▶ [Problem statement] Copy out the data exactly, leaving the pictures behind.

▶ [Records from a data collection]
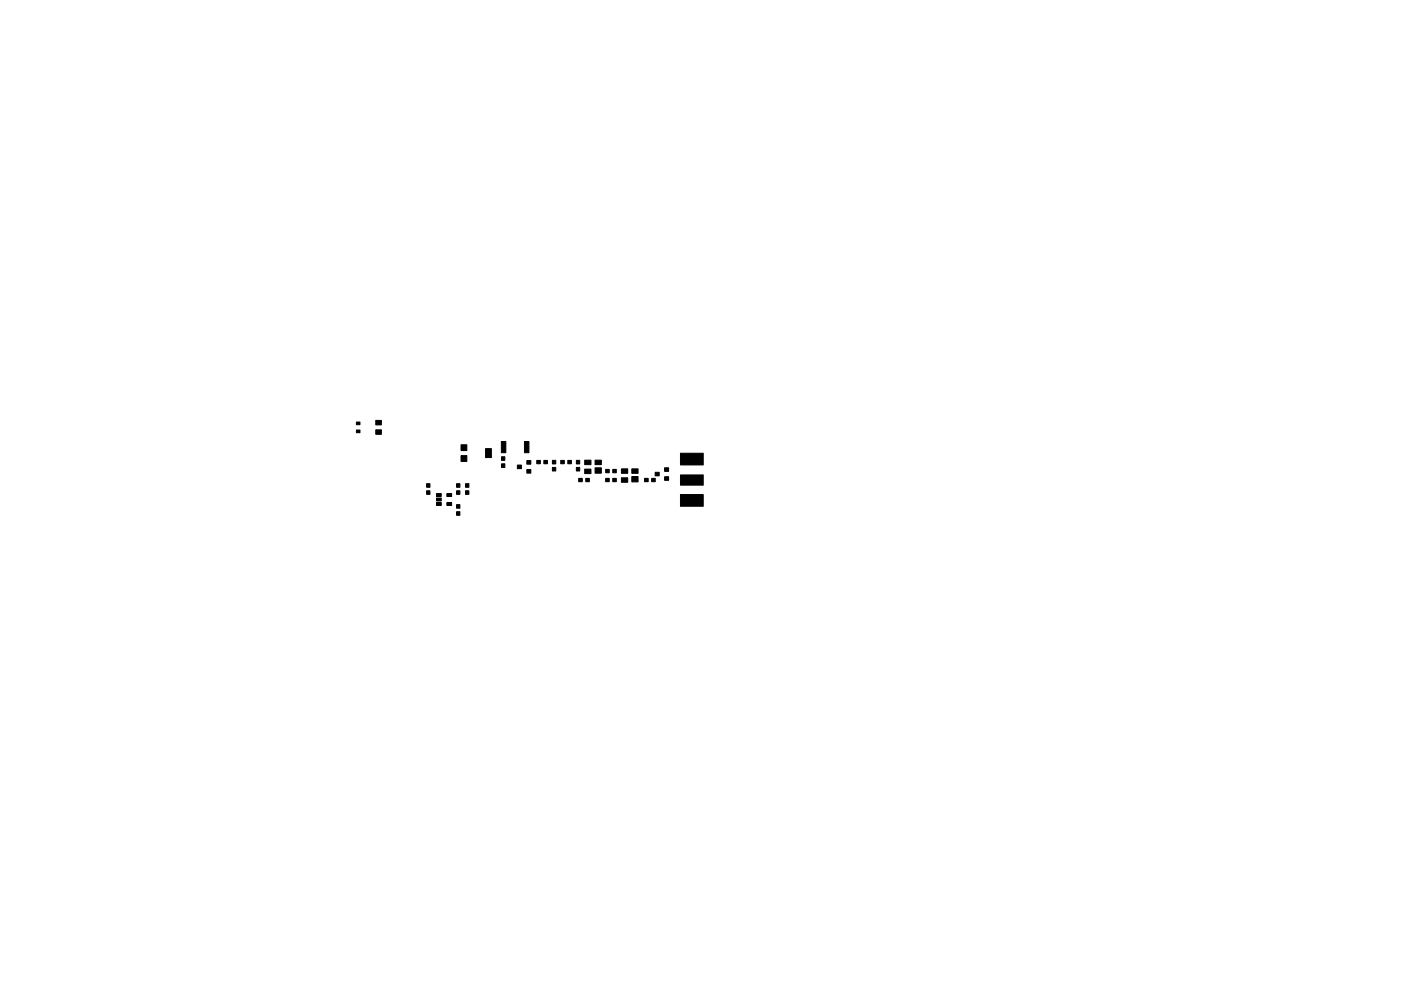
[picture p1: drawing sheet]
<svg xmlns="http://www.w3.org/2000/svg" width="297mm" height="210mm" viewBox="0 0 297 210" stroke-linecap="round" stroke-linejoin="round" font-family="sans-serif">
<g fill="#000" stroke="#000" stroke-width=".21">
<path d="M75.6 91.2h.7v.6h-.7zM75.6 89.5h.7v.6h-.7zM79.7 91.2h1.2v.9h-1.2zM79.7 89.2h1.2v.9h-1.2zM97.7 94.4h1.3v1.2h-1.3zM97.7 96.7h1.3v1.2h-1.3zM102.9 95.2h1.3v1.9h-1.3zM106.3 93.7h.9v2.4h-.9zM106.3 96.9h.7v.8h-.7zM106.3 98.4h.7v.8h-.7zM109.7 98.7h.9v.7h-.9zM111.2 93.7h.9v2.4h-.9z"/>
<path d="M111.7 97.7h.9v.8h-.9zM111.7 99.6h.9v.8h-.9zM113.8 97.7h.8v.7h-.8zM115.3 97.7h.8v.7h-.8zM117.1 97.7h.7v.7h-.7zM117.1 99.2h.7v.7h-.7zM118.9 97.7h.7v.7h-.7zM120.4 97.7h.7v.7h-.7zM122.2 99.2h.7v.7h-.7zM122.2 97.7h.7v.7h-.7zM124 97.6h1.3v1h-1.3zM126.2 97.6h1.3v1h-1.3z"/>
<path d="M128.4 99.6h.8v.7h-.8zM129.9 99.6h.8v.7h-.8zM140.9 99.2h.9v.8h-.9zM144.3 96.2h4.8v2.4h-4.8zM90.4 104.1h.8v.8h-.8zM90.4 102.6h.8v.8h-.8zM92.5 106.6h1.1v.6h-1.1zM92.5 105.7h1.1v.6h-1.1zM92.5 104.7h1.1v.6h-1.1zM94.7 104.7h1.1v.6h-1.1zM94.7 106.6h1.1v.6h-1.1zM96.8 107.1h.7v.7h-.7z"/>
<path d="M96.8 108.6h.7v.7h-.7zM96.8 104.1h.7v.8h-.7zM96.8 102.6h.7v.8h-.7zM98.7 102.6h.7v.8h-.7zM98.7 104.1h.7v.8h-.7zM122.7 101.5h.8v.7h-.8zM124.2 101.5h.8v.7h-.8zM124 99.5h1.3v1h-1.3zM126.2 99.3h1.3v1.1h-1.3zM128.4 101.5h.8v.7h-.8zM129.9 101.5h.8v.7h-.8zM131.8 101.4h1.3v.9h-1.3z"/>
<path d="M131.8 99.5h1.3v.9h-1.3zM134 99.5h1.3v.9h-1.3zM134 101.1h1.3v1.1h-1.3zM136.7 101.5h.7v.7h-.7zM138.2 101.5h.7v.7h-.7zM138.9 100.2h.9v.8h-.9zM140.9 101.1h.9v.8h-.9zM144.3 104.9h4.8v2.5h-4.8zM144.3 100.8h4.8v2.1h-4.8z"/>
</g>
</svg>

▶ [Exercise output]
[picture p1: drawing sheet]
<svg xmlns="http://www.w3.org/2000/svg" width="297mm" height="210mm" viewBox="0 0 297 210" stroke-linecap="round" stroke-linejoin="round" font-family="sans-serif">
<g fill="#000" stroke="#000" stroke-width=".21">
<path d="M75.6 91.2h.7v.6h-.7zM75.6 89.5h.7v.6h-.7zM79.7 91.2h1.2v.9h-1.2zM79.7 89.2h1.2v.9h-1.2zM97.7 94.4h1.3v1.2h-1.3zM97.7 96.7h1.3v1.2h-1.3zM102.9 95.2h1.3v1.9h-1.3zM106.3 93.7h.9v2.4h-.9zM106.3 96.9h.7v.8h-.7zM106.3 98.4h.7v.8h-.7zM109.7 98.7h.9v.7h-.9zM111.2 93.7h.9v2.4h-.9z"/>
<path d="M111.7 97.7h.9v.8h-.9zM111.7 99.6h.9v.8h-.9zM113.8 97.7h.8v.7h-.8zM115.3 97.7h.8v.7h-.8zM117.1 97.7h.7v.7h-.7zM117.1 99.2h.7v.7h-.7zM118.9 97.7h.7v.7h-.7zM120.4 97.7h.7v.7h-.7zM122.2 99.2h.7v.7h-.7zM122.2 97.7h.7v.7h-.7zM124 97.6h1.3v1h-1.3zM126.2 97.6h1.3v1h-1.3z"/>
<path d="M128.4 99.6h.8v.7h-.8zM129.9 99.6h.8v.7h-.8zM140.9 99.2h.9v.8h-.9zM144.3 96.2h4.8v2.4h-4.8zM90.4 104.1h.8v.8h-.8zM90.4 102.6h.8v.8h-.8zM92.5 106.6h1.1v.6h-1.1zM92.5 105.7h1.1v.6h-1.1zM92.5 104.7h1.1v.6h-1.1zM94.7 104.7h1.1v.6h-1.1zM94.7 106.6h1.1v.6h-1.1zM96.8 107.1h.7v.7h-.7z"/>
<path d="M96.8 108.6h.7v.7h-.7zM96.8 104.1h.7v.8h-.7zM96.8 102.6h.7v.8h-.7zM98.7 102.6h.7v.8h-.7zM98.7 104.1h.7v.8h-.7zM122.7 101.5h.8v.7h-.8zM124.2 101.5h.8v.7h-.8zM124 99.5h1.3v1h-1.3zM126.2 99.3h1.3v1.1h-1.3zM128.4 101.5h.8v.7h-.8zM129.9 101.5h.8v.7h-.8zM131.8 101.4h1.3v.9h-1.3z"/>
<path d="M131.8 99.5h1.3v.9h-1.3zM134 99.5h1.3v.9h-1.3zM134 101.1h1.3v1.1h-1.3zM136.7 101.5h.7v.7h-.7zM138.2 101.5h.7v.7h-.7zM138.9 100.2h.9v.8h-.9zM140.9 101.1h.9v.8h-.9zM144.3 104.9h4.8v2.5h-4.8zM144.3 100.8h4.8v2.1h-4.8z"/>
</g>
</svg>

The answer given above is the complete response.